Task statement: Reproduce every entry exactly as given.

[Stored items from a collection]

====

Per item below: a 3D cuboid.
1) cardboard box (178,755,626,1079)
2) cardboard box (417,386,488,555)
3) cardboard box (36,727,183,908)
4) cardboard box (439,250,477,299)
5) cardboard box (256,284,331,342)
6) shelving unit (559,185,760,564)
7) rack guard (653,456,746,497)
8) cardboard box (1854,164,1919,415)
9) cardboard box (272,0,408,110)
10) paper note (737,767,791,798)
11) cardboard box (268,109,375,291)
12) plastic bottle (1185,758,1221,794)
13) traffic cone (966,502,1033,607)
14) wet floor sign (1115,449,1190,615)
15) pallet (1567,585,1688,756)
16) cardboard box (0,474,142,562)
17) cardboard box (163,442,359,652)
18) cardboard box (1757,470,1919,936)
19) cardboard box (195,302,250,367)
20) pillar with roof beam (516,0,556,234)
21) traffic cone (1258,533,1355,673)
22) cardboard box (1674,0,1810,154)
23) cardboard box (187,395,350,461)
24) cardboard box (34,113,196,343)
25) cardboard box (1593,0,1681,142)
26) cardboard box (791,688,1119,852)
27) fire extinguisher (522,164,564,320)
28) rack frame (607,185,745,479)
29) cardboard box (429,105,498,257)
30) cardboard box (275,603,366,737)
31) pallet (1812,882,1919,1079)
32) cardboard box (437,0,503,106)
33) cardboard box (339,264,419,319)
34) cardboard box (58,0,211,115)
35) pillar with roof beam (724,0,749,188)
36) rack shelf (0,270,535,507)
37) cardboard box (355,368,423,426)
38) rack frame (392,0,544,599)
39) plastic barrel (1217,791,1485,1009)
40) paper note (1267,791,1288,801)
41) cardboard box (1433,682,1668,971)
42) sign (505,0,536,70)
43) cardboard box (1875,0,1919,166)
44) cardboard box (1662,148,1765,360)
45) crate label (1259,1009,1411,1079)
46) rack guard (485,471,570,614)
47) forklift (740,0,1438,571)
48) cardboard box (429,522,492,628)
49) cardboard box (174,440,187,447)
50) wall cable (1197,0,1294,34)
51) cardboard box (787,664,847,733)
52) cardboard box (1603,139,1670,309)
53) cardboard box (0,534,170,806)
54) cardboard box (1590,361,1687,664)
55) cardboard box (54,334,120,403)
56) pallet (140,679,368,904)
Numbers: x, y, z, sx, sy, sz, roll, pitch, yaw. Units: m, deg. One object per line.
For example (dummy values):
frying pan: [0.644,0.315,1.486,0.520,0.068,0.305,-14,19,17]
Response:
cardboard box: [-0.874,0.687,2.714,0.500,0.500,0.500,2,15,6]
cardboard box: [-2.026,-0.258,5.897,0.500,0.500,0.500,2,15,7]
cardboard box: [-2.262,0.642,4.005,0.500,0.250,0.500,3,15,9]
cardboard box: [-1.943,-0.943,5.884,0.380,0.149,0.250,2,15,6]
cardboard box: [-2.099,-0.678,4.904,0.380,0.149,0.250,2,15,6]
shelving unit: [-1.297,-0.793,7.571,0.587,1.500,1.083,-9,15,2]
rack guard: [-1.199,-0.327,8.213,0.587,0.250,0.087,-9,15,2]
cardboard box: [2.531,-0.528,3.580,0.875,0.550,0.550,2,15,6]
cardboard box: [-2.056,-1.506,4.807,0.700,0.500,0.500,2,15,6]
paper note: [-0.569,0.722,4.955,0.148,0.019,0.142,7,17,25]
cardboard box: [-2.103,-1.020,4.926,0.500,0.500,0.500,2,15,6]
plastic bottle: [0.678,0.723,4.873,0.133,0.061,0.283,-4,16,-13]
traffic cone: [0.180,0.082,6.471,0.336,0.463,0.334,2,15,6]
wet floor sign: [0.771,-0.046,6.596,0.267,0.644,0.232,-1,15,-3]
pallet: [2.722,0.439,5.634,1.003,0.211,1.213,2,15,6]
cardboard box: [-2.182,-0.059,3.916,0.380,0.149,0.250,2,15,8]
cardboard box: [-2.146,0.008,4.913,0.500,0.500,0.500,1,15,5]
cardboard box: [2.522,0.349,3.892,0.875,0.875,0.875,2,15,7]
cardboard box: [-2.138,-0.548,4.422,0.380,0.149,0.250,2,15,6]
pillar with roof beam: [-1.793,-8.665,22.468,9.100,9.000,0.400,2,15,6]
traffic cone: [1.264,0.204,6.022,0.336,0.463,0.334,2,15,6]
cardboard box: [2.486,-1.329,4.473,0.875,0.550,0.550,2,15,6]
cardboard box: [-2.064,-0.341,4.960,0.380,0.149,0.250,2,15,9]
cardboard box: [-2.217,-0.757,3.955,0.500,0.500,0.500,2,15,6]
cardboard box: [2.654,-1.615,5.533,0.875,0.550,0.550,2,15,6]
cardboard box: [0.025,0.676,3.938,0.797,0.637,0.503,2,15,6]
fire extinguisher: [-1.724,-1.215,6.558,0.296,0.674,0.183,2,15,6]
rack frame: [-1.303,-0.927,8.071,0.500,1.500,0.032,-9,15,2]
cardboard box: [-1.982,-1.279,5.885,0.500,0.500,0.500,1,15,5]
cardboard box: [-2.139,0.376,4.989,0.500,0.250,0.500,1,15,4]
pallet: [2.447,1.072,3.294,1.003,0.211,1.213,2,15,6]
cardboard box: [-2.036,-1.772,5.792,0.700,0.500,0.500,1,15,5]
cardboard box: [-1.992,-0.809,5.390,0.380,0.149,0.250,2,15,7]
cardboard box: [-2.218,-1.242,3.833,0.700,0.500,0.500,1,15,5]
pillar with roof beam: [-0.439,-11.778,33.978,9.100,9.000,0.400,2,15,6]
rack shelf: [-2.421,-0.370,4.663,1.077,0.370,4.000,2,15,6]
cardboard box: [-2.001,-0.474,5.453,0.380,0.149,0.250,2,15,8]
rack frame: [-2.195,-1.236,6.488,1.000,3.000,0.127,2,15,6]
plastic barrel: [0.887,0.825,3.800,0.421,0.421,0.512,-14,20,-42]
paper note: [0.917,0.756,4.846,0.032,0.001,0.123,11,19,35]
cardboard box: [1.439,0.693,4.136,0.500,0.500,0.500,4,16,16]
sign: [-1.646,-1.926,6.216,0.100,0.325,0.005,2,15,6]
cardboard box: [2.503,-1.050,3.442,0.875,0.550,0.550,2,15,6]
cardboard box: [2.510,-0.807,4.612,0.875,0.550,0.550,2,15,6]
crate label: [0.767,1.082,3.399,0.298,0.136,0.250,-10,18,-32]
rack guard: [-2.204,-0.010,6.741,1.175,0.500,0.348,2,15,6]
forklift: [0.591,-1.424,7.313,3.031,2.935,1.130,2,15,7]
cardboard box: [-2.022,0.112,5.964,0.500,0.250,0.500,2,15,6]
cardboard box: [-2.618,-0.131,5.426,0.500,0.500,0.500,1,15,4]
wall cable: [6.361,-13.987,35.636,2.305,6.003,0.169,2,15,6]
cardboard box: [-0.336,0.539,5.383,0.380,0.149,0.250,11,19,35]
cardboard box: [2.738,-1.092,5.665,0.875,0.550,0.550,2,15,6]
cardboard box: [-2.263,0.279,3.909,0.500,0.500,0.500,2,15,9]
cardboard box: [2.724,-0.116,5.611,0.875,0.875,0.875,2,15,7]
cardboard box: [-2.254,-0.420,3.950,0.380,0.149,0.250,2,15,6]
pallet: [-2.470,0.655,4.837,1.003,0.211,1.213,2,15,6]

====

Exercise result:
Per item below: a 3D cuboid.
1) cardboard box (178,755,626,1079)
2) cardboard box (417,386,488,555)
3) cardboard box (36,727,183,908)
4) cardboard box (439,250,477,299)
5) cardboard box (256,284,331,342)
6) shelving unit (559,185,760,564)
7) rack guard (653,456,746,497)
8) cardboard box (1854,164,1919,415)
9) cardboard box (272,0,408,110)
10) paper note (737,767,791,798)
11) cardboard box (268,109,375,291)
12) plastic bottle (1185,758,1221,794)
13) traffic cone (966,502,1033,607)
14) wet floor sign (1115,449,1190,615)
15) pallet (1567,585,1688,756)
16) cardboard box (0,474,142,562)
17) cardboard box (163,442,359,652)
18) cardboard box (1757,470,1919,936)
19) cardboard box (195,302,250,367)
20) pillar with roof beam (516,0,556,234)
21) traffic cone (1258,533,1355,673)
22) cardboard box (1674,0,1810,154)
23) cardboard box (187,395,350,461)
24) cardboard box (34,113,196,343)
25) cardboard box (1593,0,1681,142)
26) cardboard box (791,688,1119,852)
27) fire extinguisher (522,164,564,320)
28) rack frame (607,185,745,479)
29) cardboard box (429,105,498,257)
30) cardboard box (275,603,366,737)
31) pallet (1812,882,1919,1079)
32) cardboard box (437,0,503,106)
33) cardboard box (339,264,419,319)
34) cardboard box (58,0,211,115)
35) pillar with roof beam (724,0,749,188)
36) rack shelf (0,270,535,507)
37) cardboard box (355,368,423,426)
38) rack frame (392,0,544,599)
39) plastic barrel (1217,791,1485,1009)
40) paper note (1267,791,1288,801)
41) cardboard box (1433,682,1668,971)
42) sign (505,0,536,70)
43) cardboard box (1875,0,1919,166)
44) cardboard box (1662,148,1765,360)
45) crate label (1259,1009,1411,1079)
46) rack guard (485,471,570,614)
47) forklift (740,0,1438,571)
48) cardboard box (429,522,492,628)
49) cardboard box (174,440,187,447)
50) wall cable (1197,0,1294,34)
51) cardboard box (787,664,847,733)
52) cardboard box (1603,139,1670,309)
53) cardboard box (0,534,170,806)
54) cardboard box (1590,361,1687,664)
55) cardboard box (54,334,120,403)
56) pallet (140,679,368,904)
Numbers: x, y, z, sx, sy, sz, roll, pitch, yaw. Units: m, deg. One object per line.
For example (dummy values):
frying pan: [0.644,0.315,1.486,0.520,0.068,0.305,-14,19,17]
Response:
cardboard box: [-0.874,0.687,2.714,0.500,0.500,0.500,2,15,6]
cardboard box: [-2.026,-0.258,5.897,0.500,0.500,0.500,2,15,7]
cardboard box: [-2.262,0.642,4.005,0.500,0.250,0.500,3,15,9]
cardboard box: [-1.943,-0.943,5.884,0.380,0.149,0.250,2,15,6]
cardboard box: [-2.099,-0.678,4.904,0.380,0.149,0.250,2,15,6]
shelving unit: [-1.297,-0.793,7.571,0.587,1.500,1.083,-9,15,2]
rack guard: [-1.199,-0.327,8.213,0.587,0.250,0.087,-9,15,2]
cardboard box: [2.531,-0.528,3.580,0.875,0.550,0.550,2,15,6]
cardboard box: [-2.056,-1.506,4.807,0.700,0.500,0.500,2,15,6]
paper note: [-0.569,0.722,4.955,0.148,0.019,0.142,7,17,25]
cardboard box: [-2.103,-1.020,4.926,0.500,0.500,0.500,2,15,6]
plastic bottle: [0.678,0.723,4.873,0.133,0.061,0.283,-4,16,-13]
traffic cone: [0.180,0.082,6.471,0.336,0.463,0.334,2,15,6]
wet floor sign: [0.771,-0.046,6.596,0.267,0.644,0.232,-1,15,-3]
pallet: [2.722,0.439,5.634,1.003,0.211,1.213,2,15,6]
cardboard box: [-2.182,-0.059,3.916,0.380,0.149,0.250,2,15,8]
cardboard box: [-2.146,0.008,4.913,0.500,0.500,0.500,1,15,5]
cardboard box: [2.522,0.349,3.892,0.875,0.875,0.875,2,15,7]
cardboard box: [-2.138,-0.548,4.422,0.380,0.149,0.250,2,15,6]
pillar with roof beam: [-1.793,-8.665,22.468,9.100,9.000,0.400,2,15,6]
traffic cone: [1.264,0.204,6.022,0.336,0.463,0.334,2,15,6]
cardboard box: [2.486,-1.329,4.473,0.875,0.550,0.550,2,15,6]
cardboard box: [-2.064,-0.341,4.960,0.380,0.149,0.250,2,15,9]
cardboard box: [-2.217,-0.757,3.955,0.500,0.500,0.500,2,15,6]
cardboard box: [2.654,-1.615,5.533,0.875,0.550,0.550,2,15,6]
cardboard box: [0.025,0.676,3.938,0.797,0.637,0.503,2,15,6]
fire extinguisher: [-1.724,-1.215,6.558,0.296,0.674,0.183,2,15,6]
rack frame: [-1.303,-0.927,8.071,0.500,1.500,0.032,-9,15,2]
cardboard box: [-1.982,-1.279,5.885,0.500,0.500,0.500,1,15,5]
cardboard box: [-2.139,0.376,4.989,0.500,0.250,0.500,1,15,4]
pallet: [2.447,1.072,3.294,1.003,0.211,1.213,2,15,6]
cardboard box: [-2.036,-1.772,5.792,0.700,0.500,0.500,1,15,5]
cardboard box: [-1.992,-0.809,5.390,0.380,0.149,0.250,2,15,7]
cardboard box: [-2.218,-1.242,3.833,0.700,0.500,0.500,1,15,5]
pillar with roof beam: [-0.439,-11.778,33.978,9.100,9.000,0.400,2,15,6]
rack shelf: [-2.421,-0.370,4.663,1.077,0.370,4.000,2,15,6]
cardboard box: [-2.001,-0.474,5.453,0.380,0.149,0.250,2,15,8]
rack frame: [-2.195,-1.236,6.488,1.000,3.000,0.127,2,15,6]
plastic barrel: [0.887,0.825,3.800,0.421,0.421,0.512,-14,20,-42]
paper note: [0.917,0.756,4.846,0.032,0.001,0.123,11,19,35]
cardboard box: [1.439,0.693,4.136,0.500,0.500,0.500,4,16,16]
sign: [-1.646,-1.926,6.216,0.100,0.325,0.005,2,15,6]
cardboard box: [2.503,-1.050,3.442,0.875,0.550,0.550,2,15,6]
cardboard box: [2.510,-0.807,4.612,0.875,0.550,0.550,2,15,6]
crate label: [0.767,1.082,3.399,0.298,0.136,0.250,-10,18,-32]
rack guard: [-2.204,-0.010,6.741,1.175,0.500,0.348,2,15,6]
forklift: [0.591,-1.424,7.313,3.031,2.935,1.130,2,15,7]
cardboard box: [-2.022,0.112,5.964,0.500,0.250,0.500,2,15,6]
cardboard box: [-2.618,-0.131,5.426,0.500,0.500,0.500,1,15,4]
wall cable: [6.361,-13.987,35.636,2.305,6.003,0.169,2,15,6]
cardboard box: [-0.336,0.539,5.383,0.380,0.149,0.250,11,19,35]
cardboard box: [2.738,-1.092,5.665,0.875,0.550,0.550,2,15,6]
cardboard box: [-2.263,0.279,3.909,0.500,0.500,0.500,2,15,9]
cardboard box: [2.724,-0.116,5.611,0.875,0.875,0.875,2,15,7]
cardboard box: [-2.254,-0.420,3.950,0.380,0.149,0.250,2,15,6]
pallet: [-2.470,0.655,4.837,1.003,0.211,1.213,2,15,6]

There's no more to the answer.